The second scenario case: and carrying out effect evaluation work on the Activity Net-Caption data set. This data is the largest data set in the time-series language positioning task, containing approximately 2 million open-domain videos. On average, each video contains 3.65 queries with an average of 13.48 words per query. The data set is divided into a training set, a verification set 1 and a verification set 2, which respectively contain 10009/37421 videos/sentences, 4917/17505 videos/sentences and 4885/17031 videos/sentences, and the invention performs verification on the verification set 1 and tests on the verification set 2. The results of the present invention compared to other prior art methods are shown in fig. 4.

The above description is only a preferred embodiment of the present invention, and is not intended to limit the present invention in any way, and all simple modifications and equivalent variations of the above embodiments according to the technical spirit of the present invention are included in the scope of the present invention.

Claims

1. A video paragraph positioning method based on language reconstruction and graph mechanism is characterized by comprising the following steps:

S5.3, the multi-modal graph encoder is composed of a single-layer multi-modal graph modeling structure in the multi-layer step S5.2, and multi-modal graphs are continuously updated in an iteration mode;

2. The method of claim 1, further comprising a verification mode for the positioning algorithm model, wherein the verification mode comprises:

in the testing stage, language reconstruction is not needed, and the model reasoning speed is improved by removing a language reconstructor in the trained video paragraph positioning method based on the language reconstruction and the graph mechanism; and (4) performing video multi-segment retrieval on the video and the segment text pair by using the residual part without the language reconstructor as an evaluation model so as to verify the effect of the positioning algorithm model.

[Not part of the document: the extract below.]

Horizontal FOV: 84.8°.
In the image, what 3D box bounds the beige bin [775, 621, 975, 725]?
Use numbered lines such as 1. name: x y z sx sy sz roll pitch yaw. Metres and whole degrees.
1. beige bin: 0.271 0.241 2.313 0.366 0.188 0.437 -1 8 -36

3. A method for locating video segments based on language reconstruction and graph mechanism according to claim 1, wherein said step S5.2 comprises:

4. The method for locating video paragraphs according to claim 1, wherein said step S6 comprises:

video feature nodes in a multi-modal graph processed by a multi-modal graph encoder are extracted and used as encoded signals of an event feature decoder to be input, sentence-level text features are used as query signals of the event feature decoder to be input, context relations among multiple events are mined through a self-attention mechanism, multi-modal features of a target event are obtained through a cross-modal attention mechanism, and finally a multi-layer perceptron is used for predicting the relative position of each event in a complete video.

5. The method for locating a video paragraph based on language reconstruction and graph mechanism as claimed in claim 1, wherein said step S7 includes:

6. The method for locating a video paragraph based on language reconstruction and graph mechanism as claimed in claim 1, wherein said step S8 includes:

7. The method for locating video paragraphs according to claim 1, wherein said step S9 comprises:

attention weights in a cross-modal attention mechanism in an event feature decoder are extracted, and attention guidance loss is calculated.

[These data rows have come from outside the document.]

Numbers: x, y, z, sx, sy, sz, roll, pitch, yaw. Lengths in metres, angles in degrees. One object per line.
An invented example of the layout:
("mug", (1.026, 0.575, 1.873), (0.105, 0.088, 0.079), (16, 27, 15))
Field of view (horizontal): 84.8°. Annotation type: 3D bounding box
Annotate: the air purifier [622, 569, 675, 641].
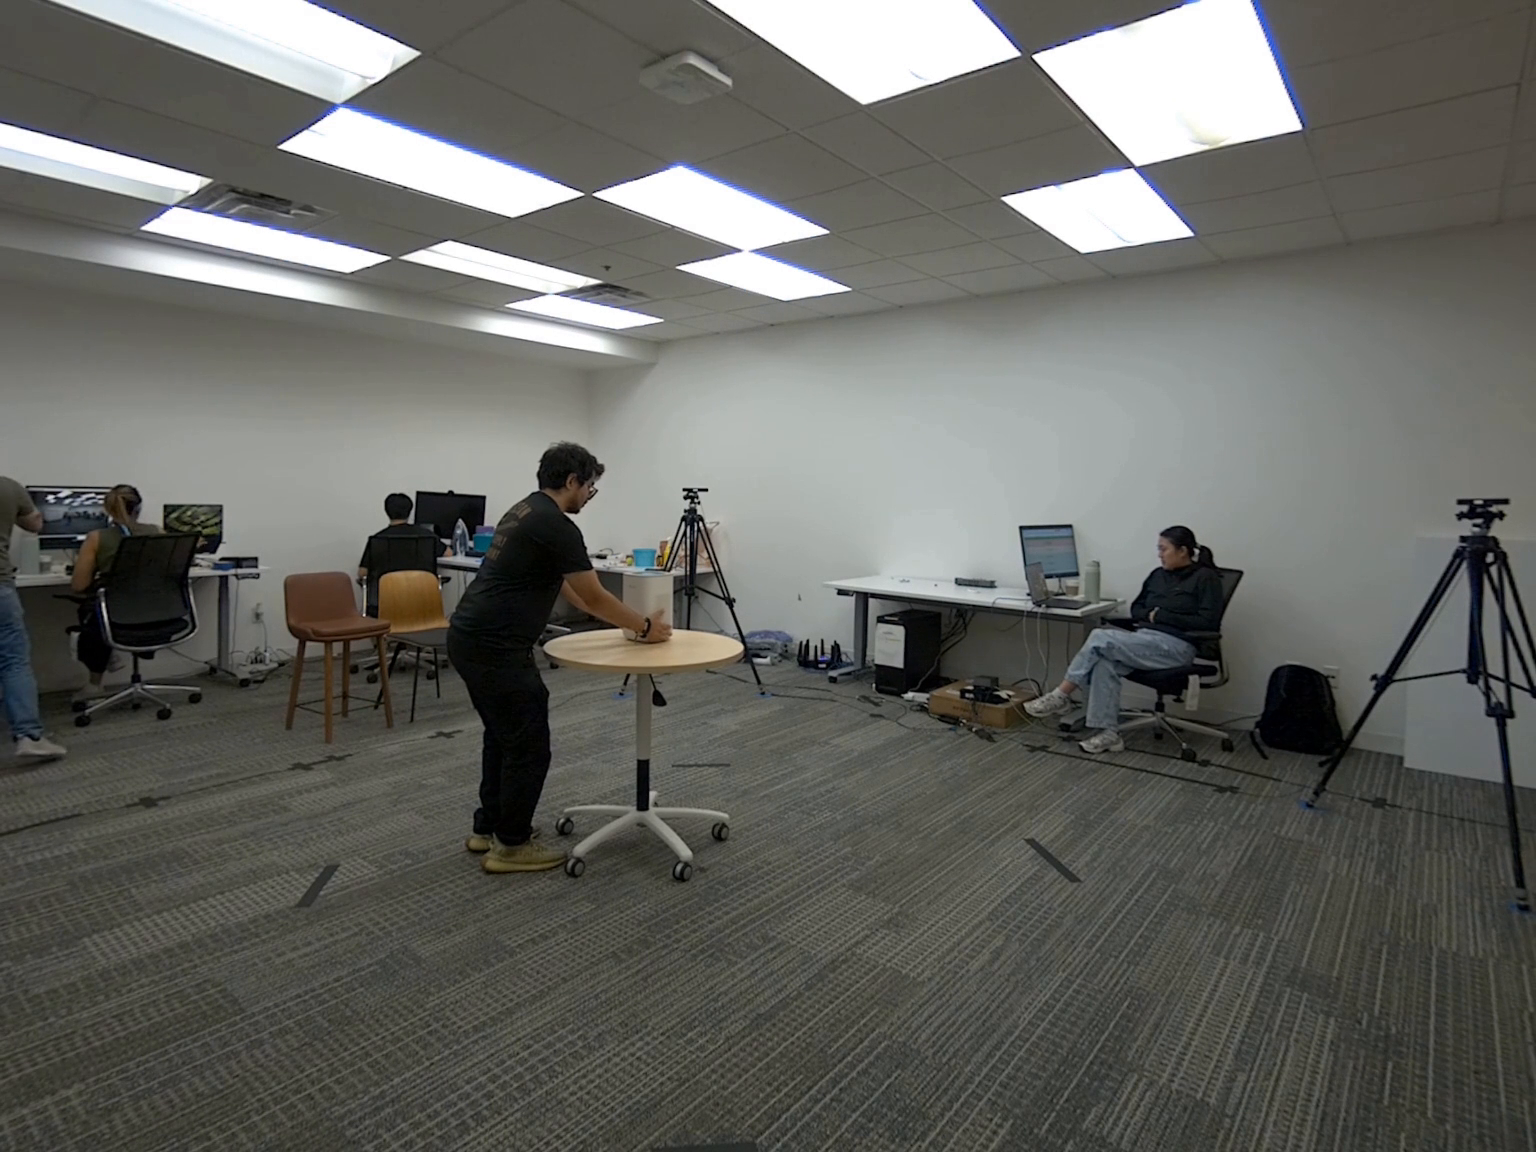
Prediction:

8. The method for locating video paragraphs according to claim 1, wherein said step S10 comprises: and calculating the reconstruction loss according to the prediction result of the language reconstructor.

9. The method for locating video paragraphs according to any one of claims 6, 7 or 8, wherein said step S10 further comprises:

and performing weighted summation on the position loss, the attention guiding loss and the reconstruction loss to serve as a final training target.